Fair enough, but before I do so I'll have to run a few more experiments to see where this gremlin really hides.
Comment 7 Holger Hoffstätte 2023-08-14 14:04:51 UTC
After trying basically everything under the sun I found that FEATURES='-sandbox -usersandbox' seems to fix the problem right away, reliably and independent of GOMAXPROCS or the number of online cores.

This would explain why I cannot reproduce the problem oustide of ebuild/emerge, i.e. manually in a go package tree, or why everything else works just fine at runtime.

Setting SANDBOX_DEBUG=yes and enabled sandbox I see no violations (everything green) but it hangs on random reads of files in the GOMODCACHE - which exist (in the $WORKDIR/go-mod/cache directories) and are available, i.e. there is no need to download anything. It seems I/O just stops.
Comment 8 Holger Hoffstätte 2023-08-14 20:53:23 UTC
This behaviour also extends to building go itself (e.g. a rebuild of 1.21.0 with itself), where various go-based tasks ("dist", "compile") would show the same symptom, so it is not limited to "mod verify". I guess all I/O is affected.
Comment 9 Mike Gilbert gentoo-dev 2023-08-14 20:54:32 UTC
This sounds like some issue with sandbox's ptrace code, or a related kernel bug.

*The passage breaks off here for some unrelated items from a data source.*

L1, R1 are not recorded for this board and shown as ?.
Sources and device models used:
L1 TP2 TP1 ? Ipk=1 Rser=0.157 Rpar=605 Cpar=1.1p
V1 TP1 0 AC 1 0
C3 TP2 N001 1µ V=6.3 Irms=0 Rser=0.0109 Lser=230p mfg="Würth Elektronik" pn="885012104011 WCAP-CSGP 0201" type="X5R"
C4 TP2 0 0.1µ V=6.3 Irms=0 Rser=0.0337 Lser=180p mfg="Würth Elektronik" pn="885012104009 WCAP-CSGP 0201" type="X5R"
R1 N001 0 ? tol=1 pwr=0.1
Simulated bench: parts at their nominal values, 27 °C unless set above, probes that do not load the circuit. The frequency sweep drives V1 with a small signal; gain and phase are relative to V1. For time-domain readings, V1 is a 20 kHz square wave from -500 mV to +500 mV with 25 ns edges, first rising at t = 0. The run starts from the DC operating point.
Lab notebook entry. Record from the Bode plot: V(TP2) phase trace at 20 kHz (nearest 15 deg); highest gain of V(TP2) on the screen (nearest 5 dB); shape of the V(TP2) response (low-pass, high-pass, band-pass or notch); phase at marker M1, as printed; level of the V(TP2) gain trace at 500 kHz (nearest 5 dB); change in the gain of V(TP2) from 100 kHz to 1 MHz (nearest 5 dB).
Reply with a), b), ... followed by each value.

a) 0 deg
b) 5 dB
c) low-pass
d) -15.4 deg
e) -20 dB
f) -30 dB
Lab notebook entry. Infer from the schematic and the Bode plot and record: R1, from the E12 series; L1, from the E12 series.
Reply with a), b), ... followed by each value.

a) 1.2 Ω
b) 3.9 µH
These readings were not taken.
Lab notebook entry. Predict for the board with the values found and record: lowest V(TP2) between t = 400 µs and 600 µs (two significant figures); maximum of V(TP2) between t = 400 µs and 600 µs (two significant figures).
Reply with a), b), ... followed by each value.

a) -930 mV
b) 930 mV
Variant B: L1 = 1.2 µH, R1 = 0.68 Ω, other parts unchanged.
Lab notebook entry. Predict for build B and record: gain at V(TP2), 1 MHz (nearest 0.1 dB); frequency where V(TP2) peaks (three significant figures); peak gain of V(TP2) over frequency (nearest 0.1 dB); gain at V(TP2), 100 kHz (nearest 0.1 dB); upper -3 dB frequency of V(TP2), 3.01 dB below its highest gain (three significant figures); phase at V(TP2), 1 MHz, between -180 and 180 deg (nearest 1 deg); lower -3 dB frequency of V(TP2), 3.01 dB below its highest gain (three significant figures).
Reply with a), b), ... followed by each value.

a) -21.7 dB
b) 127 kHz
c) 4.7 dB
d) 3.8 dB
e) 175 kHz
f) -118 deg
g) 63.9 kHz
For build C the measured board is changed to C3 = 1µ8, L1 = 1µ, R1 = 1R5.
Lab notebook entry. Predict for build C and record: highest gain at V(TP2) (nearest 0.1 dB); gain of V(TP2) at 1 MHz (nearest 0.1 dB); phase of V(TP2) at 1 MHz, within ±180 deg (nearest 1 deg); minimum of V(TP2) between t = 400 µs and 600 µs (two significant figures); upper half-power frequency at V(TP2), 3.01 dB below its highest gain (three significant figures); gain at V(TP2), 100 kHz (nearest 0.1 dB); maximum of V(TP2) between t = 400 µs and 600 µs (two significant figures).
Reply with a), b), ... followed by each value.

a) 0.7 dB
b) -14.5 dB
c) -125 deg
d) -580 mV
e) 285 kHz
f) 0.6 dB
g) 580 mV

Given the highly specific reproduction steps that seem to require hardware I do not own, I really have no way to reproduce and debug this.
Comment 10 Holger Hoffstätte 2023-08-14 21:57:15 UTC
I guess I'll have to resign myself to setting GOMAXPROCS=1 in make.conf and move on then. Other than for building a few packages I don't use go and don't want to waste any more time on this either.
Thanks anyway.
Comment 11 Holger Hoffstätte 2023-12-12 17:15:42 UTC
Created attachment 878944 [details]
strace from bash

This is a size-limited strace snapshot of a non-progressing bash, the parent of the started go command with GOMAXPROCS > 1.
Comment 12 Holger Hoffstätte 2023-12-12 18:06:32 UTC
Managed to reproduce this outside of the shell/python/emerge lasagne! \o/
Here in a prepared node_exporter source tree with GOMAXPROCS unset:

holger>while (true) ; do time LD_PRELOAD=/usr/lib64/libsandbox.so sh -c "go mod verify > /dev/null" && sleep 1 ; done
LD_PRELOAD=/usr/lib64/libsandbox.so sh -c "go mod verify > /dev/null"  0.01s user 0.02s system 167% cpu 0.016 total
LD_PRELOAD=/usr/lib64/libsandbox.so sh -c "go mod verify > /dev/null"  0.01s user 0.02s system 152% cpu 0.016 total
LD_PRELOAD=/usr/lib64/libsandbox.so sh -c "go mod verify > /dev/null"  0.71s user 8.38s system 150% cpu 6.043 total
LD_PRELOAD=/usr/lib64/libsandbox.so sh -c "go mod verify > /dev/null"  0.01s user 0.07s system 156% cpu 0.051 total
LD_PRELOAD=/usr/lib64/libsandbox.so sh -c "go mod verify > /dev/null"  0.01s user 0.01s system 145% cpu 0.014 total
LD_PRELOAD=/usr/lib64/libsandbox.so sh -c "go mod verify > /dev/null"  0.02s user 0.00s system 153% cpu 0.016 total
LD_PRELOAD=/usr/lib64/libsandbox.so sh -c "go mod verify > /dev/null"  6.10s user 74.70s system 150% cpu 53.695 total
LD_PRELOAD=/usr/lib64/libsandbox.so sh -c "go mod verify > /dev/null"  0.01s user 0.01s system 140% cpu 0.014 total
LD_PRELOAD=/usr/lib64/libsandbox.so sh -c "go mod verify > /dev/null"  0.01s user 0.01s system 165% cpu 0.016 total
LD_PRELOAD=/usr/lib64/libsandbox.so sh -c "go mod verify > /dev/null"  0.02s user 0.00s system 173% cpu 0.014 total
LD_PRELOAD=/usr/lib64/libsandbox.so sh -c "go mod verify > /dev/null"  5.61s user 62.72s system 150% cpu 45.318 total
LD_PRELOAD=/usr/lib64/libsandbox.so sh -c "go mod verify > /dev/null"  0.01s user 0.01s system 153% cpu 0.015 total
LD_PRELOAD=/usr/lib64/libsandbox.so sh -c "go mod verify > /dev/null"  0.01s user 0.01s system 122% cpu 0.016 total

The outliers (8.38, 74.7, 62.72 s) are the cases where things are stuck for no reason.
Comment 13 Paolo Pedroni 2024-05-14 12:57:24 UTC
It may be fixed in recent versions of dev-lang/go. I tried today on a zen4 machine and it worked fine with sandbox and usersandbox.